→ PROBLEM DETAILS: Exclude the pictures and transcribe the rest of the data below exactly.

Saved entries
******************************

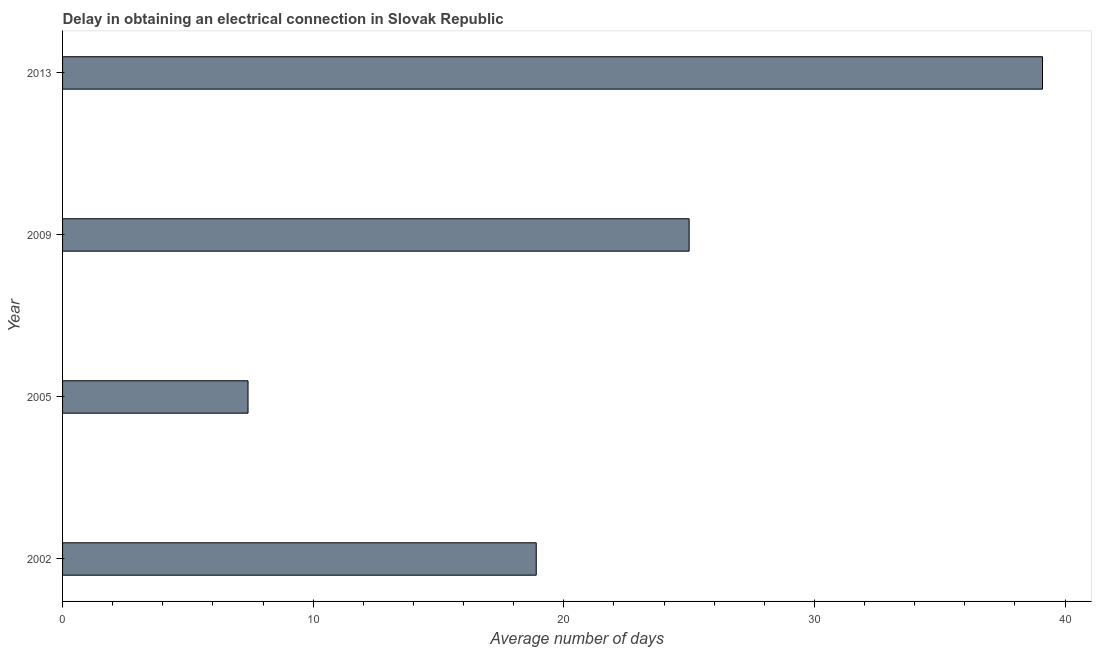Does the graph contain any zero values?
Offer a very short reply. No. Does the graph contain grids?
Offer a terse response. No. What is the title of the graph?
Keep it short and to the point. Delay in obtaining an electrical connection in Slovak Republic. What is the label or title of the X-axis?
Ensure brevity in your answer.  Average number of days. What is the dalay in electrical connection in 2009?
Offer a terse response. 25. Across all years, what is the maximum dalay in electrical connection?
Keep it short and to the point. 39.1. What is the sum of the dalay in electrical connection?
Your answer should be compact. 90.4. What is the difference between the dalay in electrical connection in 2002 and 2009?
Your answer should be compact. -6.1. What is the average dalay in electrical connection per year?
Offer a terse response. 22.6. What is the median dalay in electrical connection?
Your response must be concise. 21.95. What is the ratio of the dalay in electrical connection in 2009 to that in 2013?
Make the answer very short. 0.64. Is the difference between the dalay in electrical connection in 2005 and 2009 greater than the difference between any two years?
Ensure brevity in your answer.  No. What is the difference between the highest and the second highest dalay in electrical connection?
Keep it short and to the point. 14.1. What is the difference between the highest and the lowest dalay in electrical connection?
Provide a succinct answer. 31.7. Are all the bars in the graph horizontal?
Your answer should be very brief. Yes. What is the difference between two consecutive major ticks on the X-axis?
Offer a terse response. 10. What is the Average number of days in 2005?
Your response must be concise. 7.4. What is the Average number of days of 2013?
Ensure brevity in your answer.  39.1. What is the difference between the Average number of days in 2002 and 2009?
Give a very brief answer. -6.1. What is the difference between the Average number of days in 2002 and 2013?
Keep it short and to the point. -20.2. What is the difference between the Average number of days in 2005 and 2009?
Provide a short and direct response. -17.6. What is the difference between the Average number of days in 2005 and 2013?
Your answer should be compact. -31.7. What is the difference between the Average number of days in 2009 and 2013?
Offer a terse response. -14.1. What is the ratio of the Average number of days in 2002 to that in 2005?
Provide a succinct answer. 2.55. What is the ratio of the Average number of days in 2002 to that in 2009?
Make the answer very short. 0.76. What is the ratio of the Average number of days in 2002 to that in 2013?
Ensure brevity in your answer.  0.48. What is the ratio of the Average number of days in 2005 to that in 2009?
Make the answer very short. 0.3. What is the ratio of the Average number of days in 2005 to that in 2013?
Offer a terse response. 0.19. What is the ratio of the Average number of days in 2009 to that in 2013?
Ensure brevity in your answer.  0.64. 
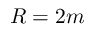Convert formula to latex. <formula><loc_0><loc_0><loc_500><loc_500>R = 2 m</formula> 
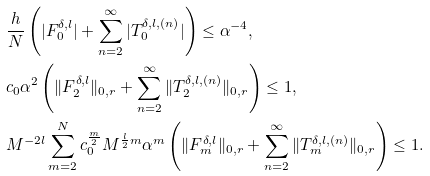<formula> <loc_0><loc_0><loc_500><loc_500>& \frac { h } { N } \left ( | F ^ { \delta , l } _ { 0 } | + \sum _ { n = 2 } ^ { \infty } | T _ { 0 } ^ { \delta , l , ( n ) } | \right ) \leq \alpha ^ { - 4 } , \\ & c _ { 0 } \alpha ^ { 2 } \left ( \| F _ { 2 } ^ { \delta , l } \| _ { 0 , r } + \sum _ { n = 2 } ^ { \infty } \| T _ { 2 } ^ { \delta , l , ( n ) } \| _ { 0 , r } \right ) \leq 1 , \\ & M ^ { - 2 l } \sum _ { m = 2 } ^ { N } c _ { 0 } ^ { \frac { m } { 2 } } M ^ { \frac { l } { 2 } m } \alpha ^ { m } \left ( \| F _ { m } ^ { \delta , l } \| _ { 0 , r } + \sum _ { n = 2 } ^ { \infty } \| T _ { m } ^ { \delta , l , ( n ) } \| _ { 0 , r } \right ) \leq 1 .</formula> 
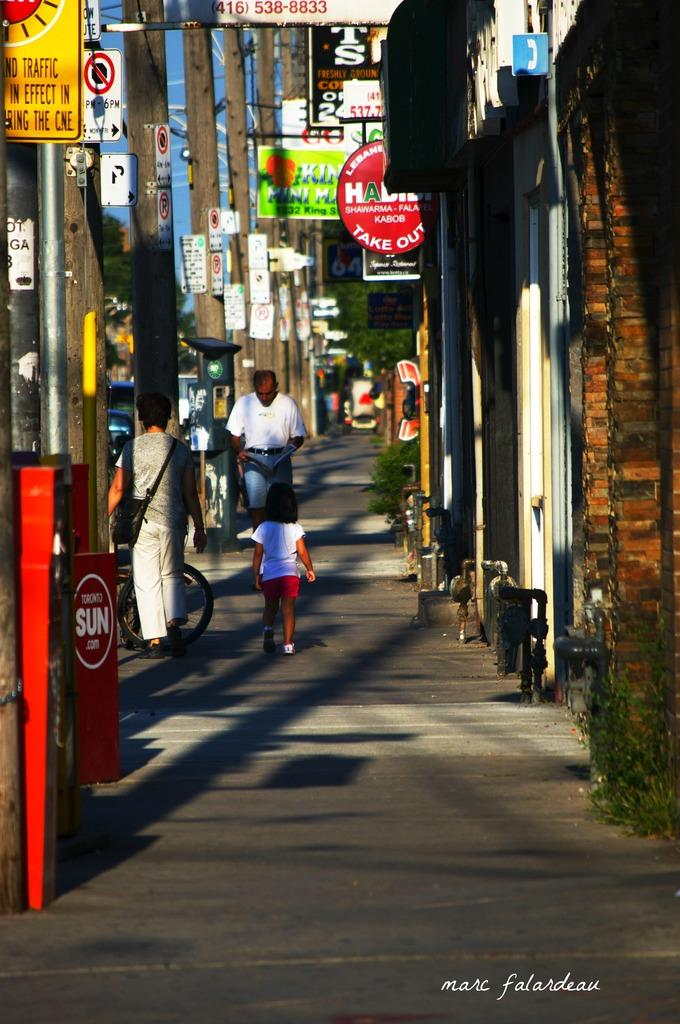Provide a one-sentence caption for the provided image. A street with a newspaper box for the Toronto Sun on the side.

******************************

→ SOLUTION TO THE PROBLEM:
Does the graph contain any zero values?
Offer a very short reply. No. Does the graph contain grids?
Offer a terse response. No. What is the title of the graph?
Keep it short and to the point. Delay in obtaining an electrical connection in Slovak Republic. What is the label or title of the X-axis?
Ensure brevity in your answer.  Average number of days. What is the dalay in electrical connection in 2009?
Offer a terse response. 25. Across all years, what is the maximum dalay in electrical connection?
Keep it short and to the point. 39.1. What is the sum of the dalay in electrical connection?
Your answer should be compact. 90.4. What is the difference between the dalay in electrical connection in 2002 and 2009?
Your answer should be compact. -6.1. What is the average dalay in electrical connection per year?
Offer a terse response. 22.6. What is the median dalay in electrical connection?
Your response must be concise. 21.95. What is the ratio of the dalay in electrical connection in 2009 to that in 2013?
Make the answer very short. 0.64. Is the difference between the dalay in electrical connection in 2005 and 2009 greater than the difference between any two years?
Ensure brevity in your answer.  No. What is the difference between the highest and the second highest dalay in electrical connection?
Keep it short and to the point. 14.1. What is the difference between the highest and the lowest dalay in electrical connection?
Provide a succinct answer. 31.7. Are all the bars in the graph horizontal?
Your answer should be very brief. Yes. What is the difference between two consecutive major ticks on the X-axis?
Offer a terse response. 10. What is the Average number of days in 2005?
Your response must be concise. 7.4. What is the Average number of days of 2013?
Ensure brevity in your answer.  39.1. What is the difference between the Average number of days in 2002 and 2009?
Give a very brief answer. -6.1. What is the difference between the Average number of days in 2002 and 2013?
Keep it short and to the point. -20.2. What is the difference between the Average number of days in 2005 and 2009?
Provide a short and direct response. -17.6. What is the difference between the Average number of days in 2005 and 2013?
Your answer should be compact. -31.7. What is the difference between the Average number of days in 2009 and 2013?
Offer a terse response. -14.1. What is the ratio of the Average number of days in 2002 to that in 2005?
Provide a succinct answer. 2.55. What is the ratio of the Average number of days in 2002 to that in 2009?
Make the answer very short. 0.76. What is the ratio of the Average number of days in 2002 to that in 2013?
Ensure brevity in your answer.  0.48. What is the ratio of the Average number of days in 2005 to that in 2009?
Make the answer very short. 0.3. What is the ratio of the Average number of days in 2005 to that in 2013?
Offer a terse response. 0.19. What is the ratio of the Average number of days in 2009 to that in 2013?
Ensure brevity in your answer.  0.64. 
Convert formula to latex. <formula><loc_0><loc_0><loc_500><loc_500>R = 2 m</formula> 
<formula> <loc_0><loc_0><loc_500><loc_500>& \frac { h } { N } \left ( | F ^ { \delta , l } _ { 0 } | + \sum _ { n = 2 } ^ { \infty } | T _ { 0 } ^ { \delta , l , ( n ) } | \right ) \leq \alpha ^ { - 4 } , \\ & c _ { 0 } \alpha ^ { 2 } \left ( \| F _ { 2 } ^ { \delta , l } \| _ { 0 , r } + \sum _ { n = 2 } ^ { \infty } \| T _ { 2 } ^ { \delta , l , ( n ) } \| _ { 0 , r } \right ) \leq 1 , \\ & M ^ { - 2 l } \sum _ { m = 2 } ^ { N } c _ { 0 } ^ { \frac { m } { 2 } } M ^ { \frac { l } { 2 } m } \alpha ^ { m } \left ( \| F _ { m } ^ { \delta , l } \| _ { 0 , r } + \sum _ { n = 2 } ^ { \infty } \| T _ { m } ^ { \delta , l , ( n ) } \| _ { 0 , r } \right ) \leq 1 .</formula> 
Provide a one-sentence caption for the provided image. A street with a newspaper box for the Toronto Sun on the side.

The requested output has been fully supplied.